__INFORMATION__.
------------------------------------

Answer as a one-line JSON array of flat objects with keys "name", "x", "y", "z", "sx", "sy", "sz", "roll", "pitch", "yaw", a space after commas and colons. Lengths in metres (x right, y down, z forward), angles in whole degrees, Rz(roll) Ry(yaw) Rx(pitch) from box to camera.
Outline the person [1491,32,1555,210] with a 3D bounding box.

------------------------------------

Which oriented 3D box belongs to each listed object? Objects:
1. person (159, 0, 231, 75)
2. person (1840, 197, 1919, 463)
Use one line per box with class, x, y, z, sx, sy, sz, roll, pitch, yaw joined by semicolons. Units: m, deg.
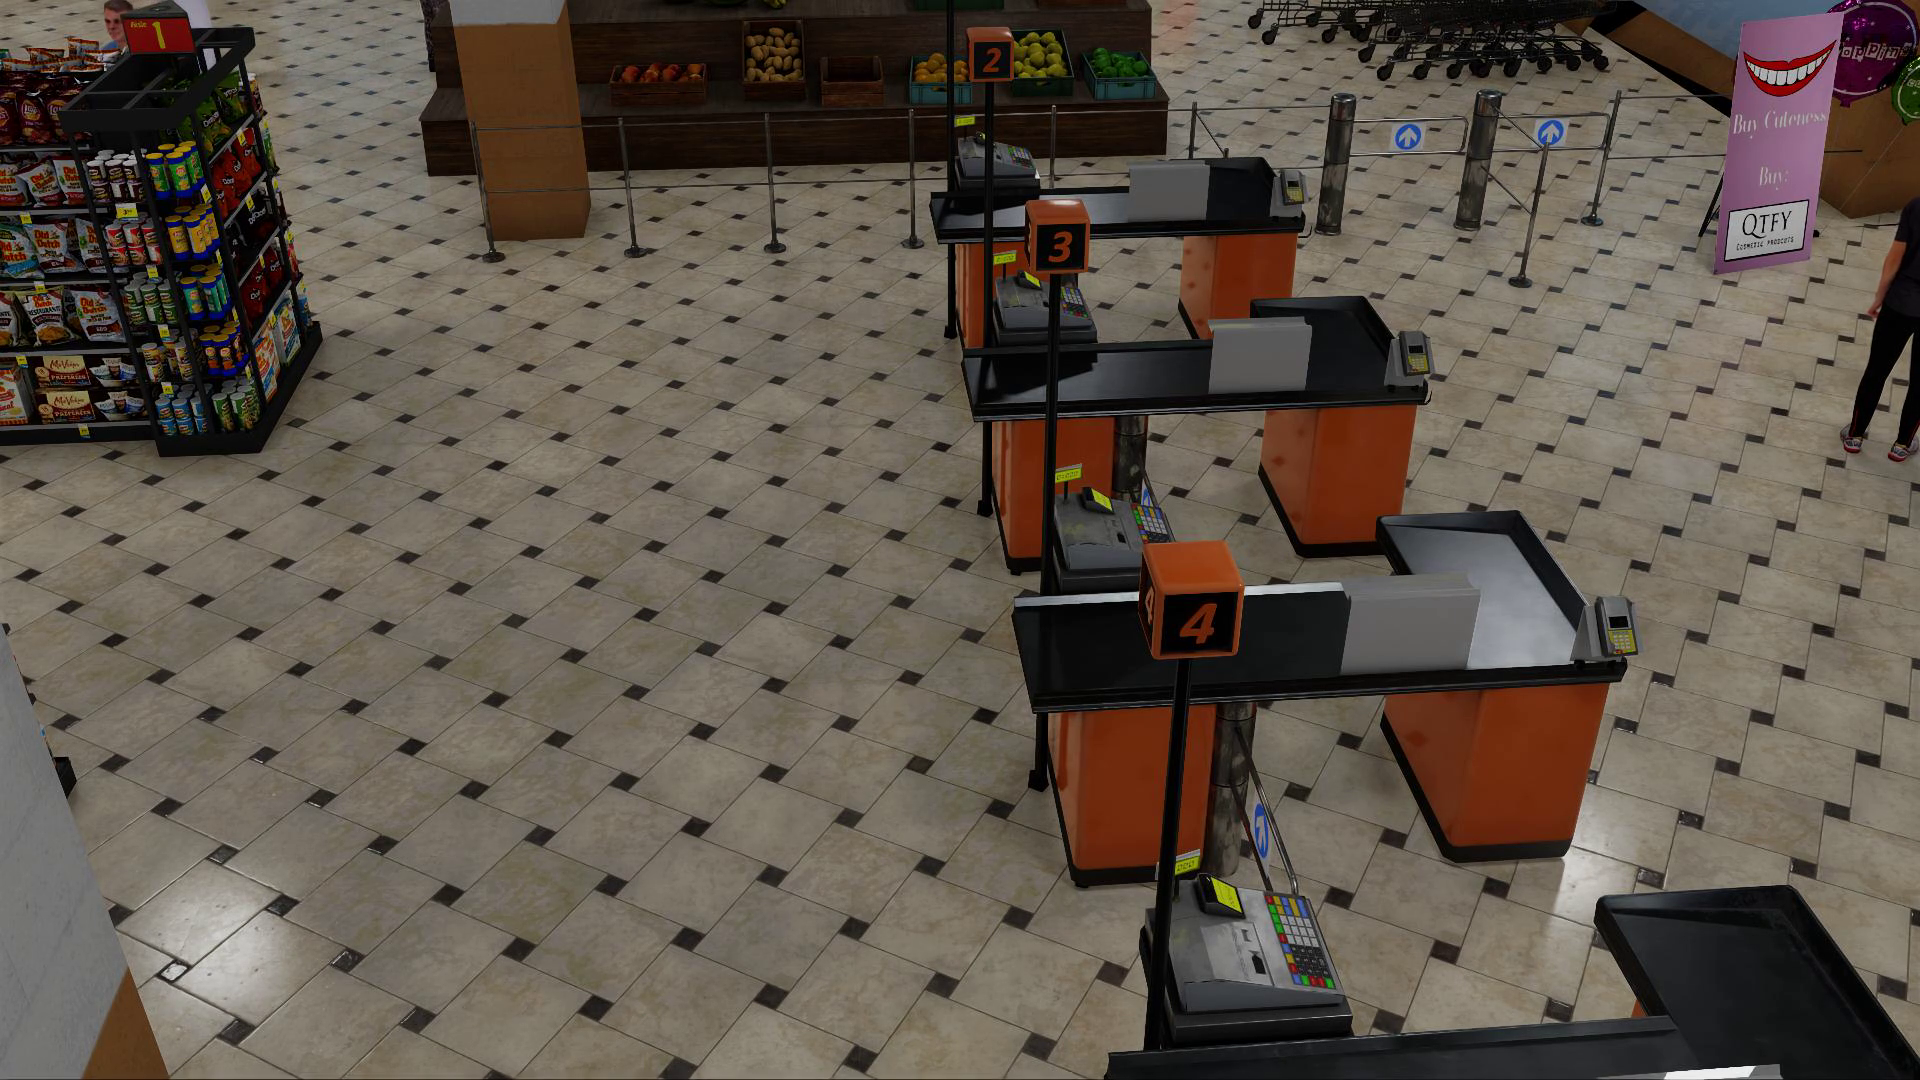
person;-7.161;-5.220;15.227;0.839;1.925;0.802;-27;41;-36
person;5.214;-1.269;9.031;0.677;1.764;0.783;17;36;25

------------------------------------

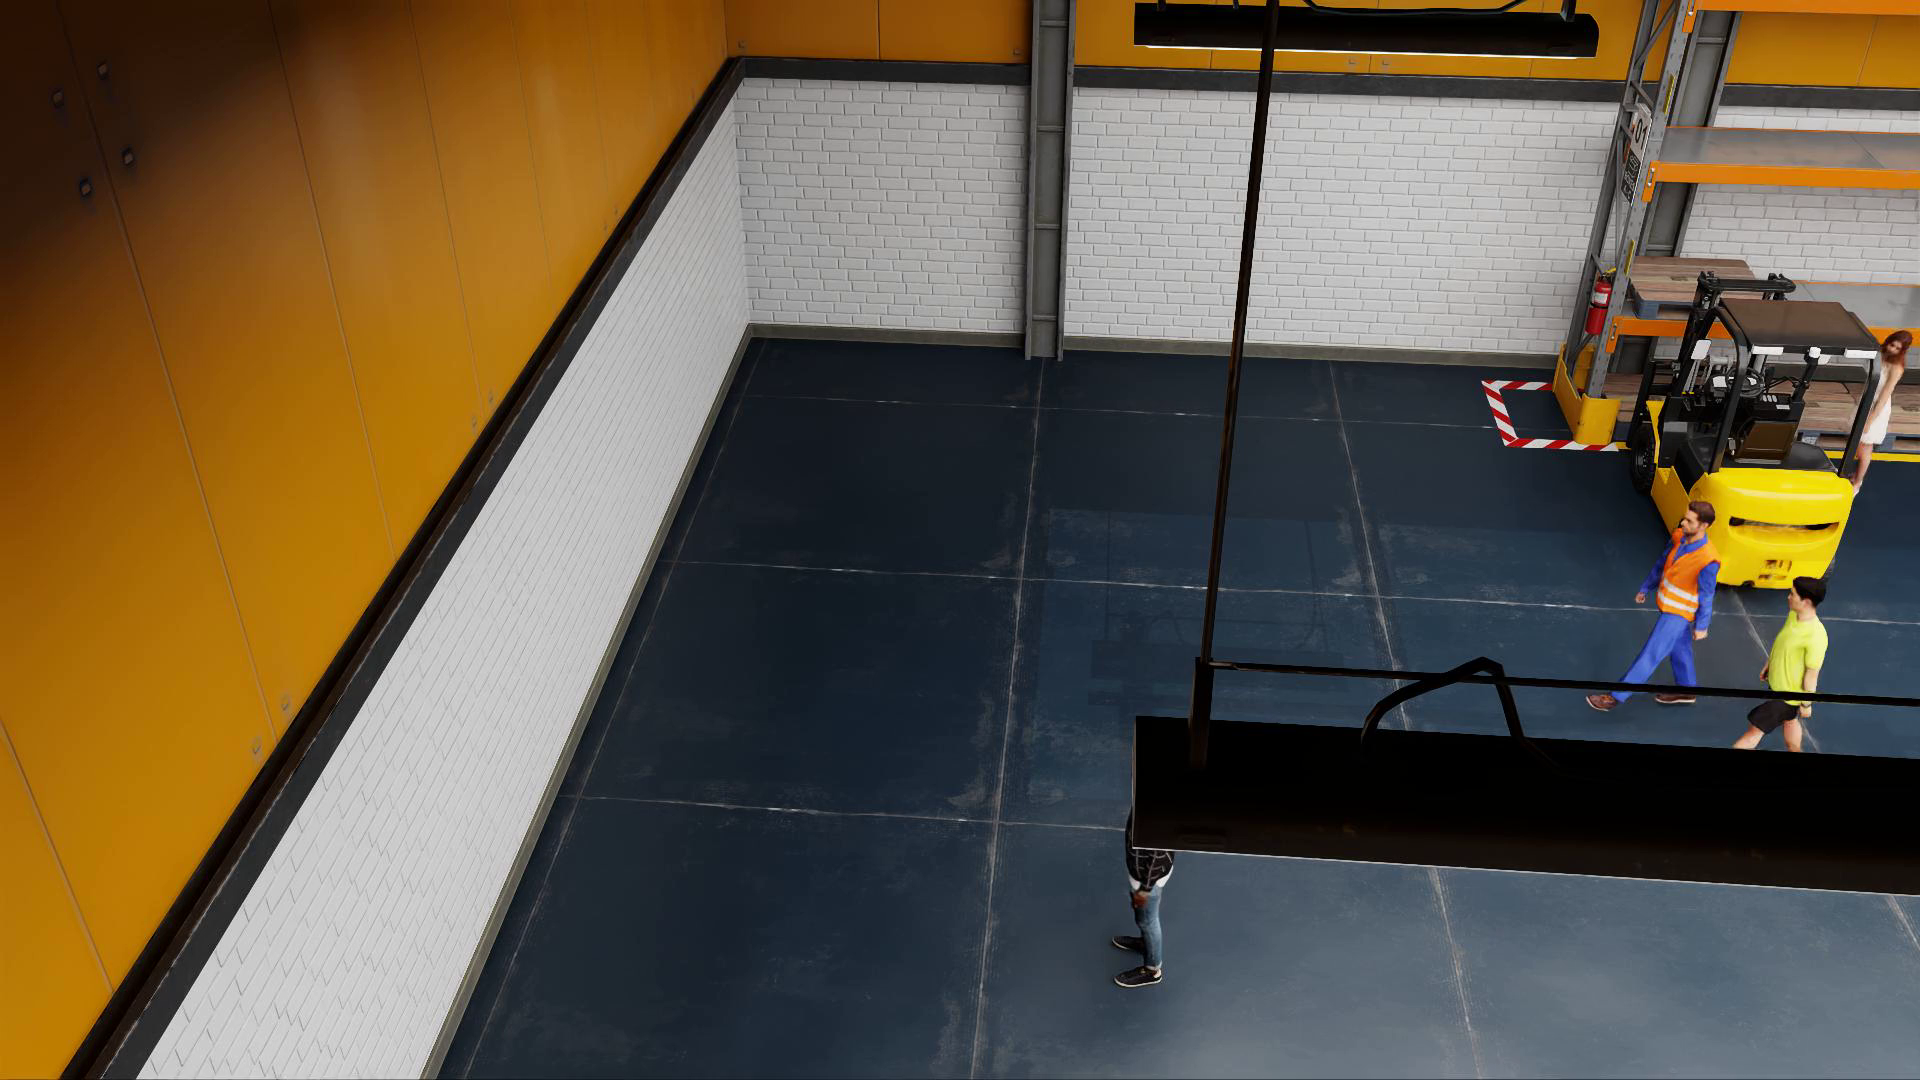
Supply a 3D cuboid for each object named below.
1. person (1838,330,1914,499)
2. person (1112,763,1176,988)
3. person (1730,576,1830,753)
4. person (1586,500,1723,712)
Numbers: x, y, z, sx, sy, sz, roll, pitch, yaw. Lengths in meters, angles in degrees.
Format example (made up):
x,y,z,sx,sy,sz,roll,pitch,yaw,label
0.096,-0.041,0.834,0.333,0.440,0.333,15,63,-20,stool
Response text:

------------------------------------

__DIRECTIONS__.
Which lines in the listing have the string "degrees"? Pick them out and copy them.

__ANSWER BELOW__.
Answer as a one-line JSON array of flat objects with keys "name", "x", "y", "z", "sx", "sy", "sz", "roll", "pitch", "yaw", a space after commas and colons. Lengths in metres (x right, y down, z forward), angles in whole degrees, Rz(roll) Ry(yaw) Rx(pitch) from box to camera.
Numbers: x, y, z, sx, sy, sz, roll, pitch, yaw. Lengths in meters, angles in degrees.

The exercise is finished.